I must say that the dehydrated onions are delicious and rehydrate very well this year. I dried them at 190degs Fahrenheit, much higher than recommended, and until they were very very crisp. They taste like toasted onions and make up a little bit for not getting to fry them for soup base.
OK, the spell check isn't working well on this so pardon bogus spellings.

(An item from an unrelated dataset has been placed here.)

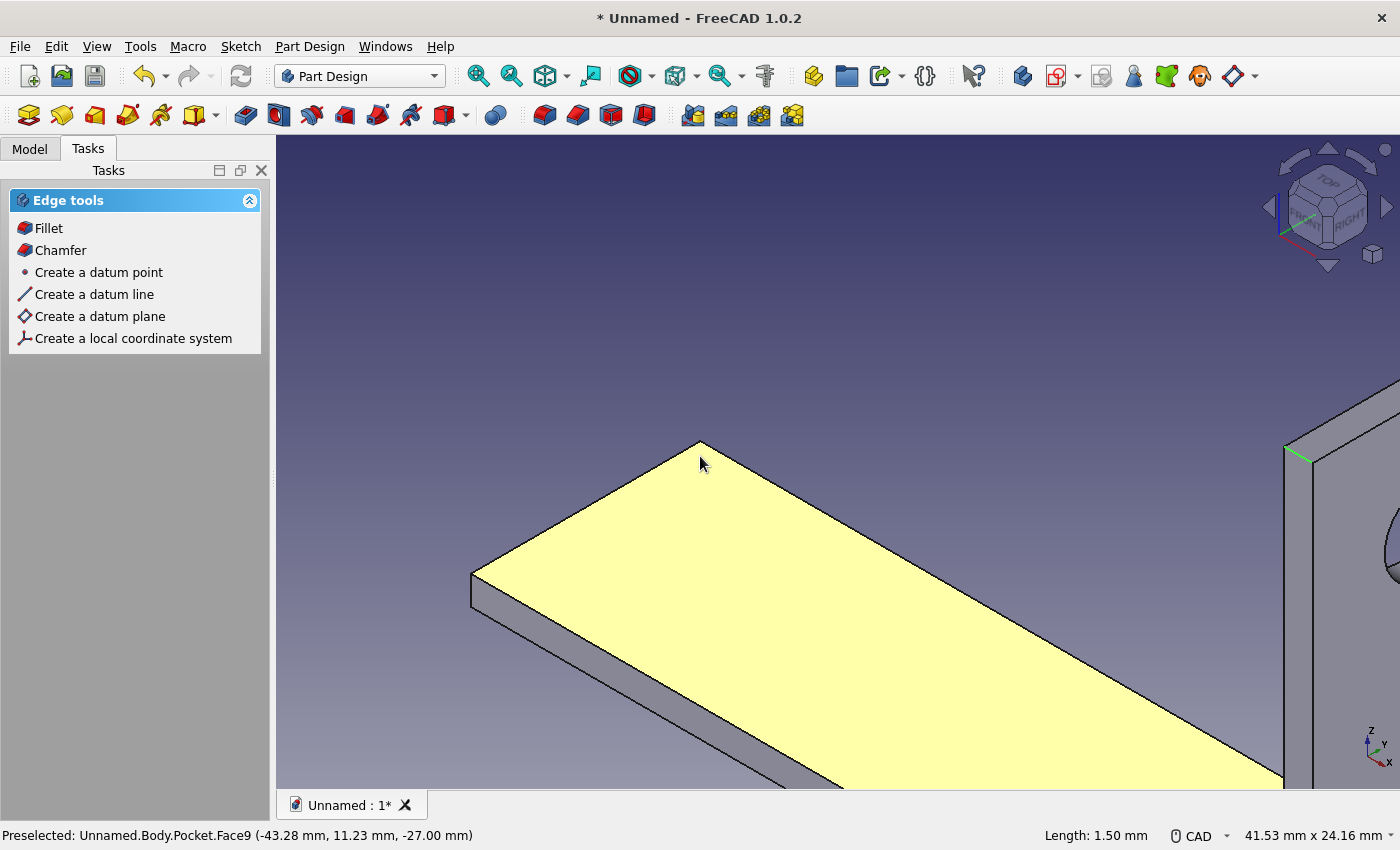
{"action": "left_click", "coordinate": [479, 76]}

I plan to post about my efforts toward voluntary simplicity, frugality, and debt free living. Much of this is grounded in environmentalism, politics, and social justice.
Monday, December 27, 2010
Wednesday, December 8, 2010
Toilet Paper Debates
FOR THE RECORD: I do not use cloths in lieu of toilet paper.
But, I'm not against it.
I'm putting this post up now because it's one of the extreme frugality tips that gets people worked up.
Check out this post where the tip to use cloths instead of constantly buying toilet paper to throw away, reuse small cloths.
The comment by James Coffey is pretty intense. He seems to think that we'll die of poo poisoning if we use washable cloths rather than toilet paper. Cloth diapers used for babies is OK because apparently, their poo doesn't stink. Well, it's not as toxic anyway. He states that he's a scientist. According to his contributor profile, he's an anthropologist. So am I. Thus our opinions are equal. Except mine isn't based on "ICK! POOP!" but instead uses logic.
OK, here's my point. Using cloth in place of toilet paper won't kill you.
Evidence:
1) Cloth diapers are an option for adults with continence (bladder and/or bowel) problems. If adult poo were as alarming toxic as J.C. believes, who would offer this service? (I do like J.C.'s comment that adult guts are crammed with rotting meat and that makes it more toxic than baby poo. Uh...try a little metamucil, or a salad, or a bran muffin, or an apple.)
2) Toilet paper is a recent invention. I'm not sure of the exact date, but not before paper production became automated. I can't imagine that in colonial America people were using the few scraps of paper they might have (mostly bible pages) for potty purposes. For that matter, people haven't always had cloth either and you are welcome to use leaves. Do remember "leaves of three, let it be" unless you want poison ivy of the nether regions.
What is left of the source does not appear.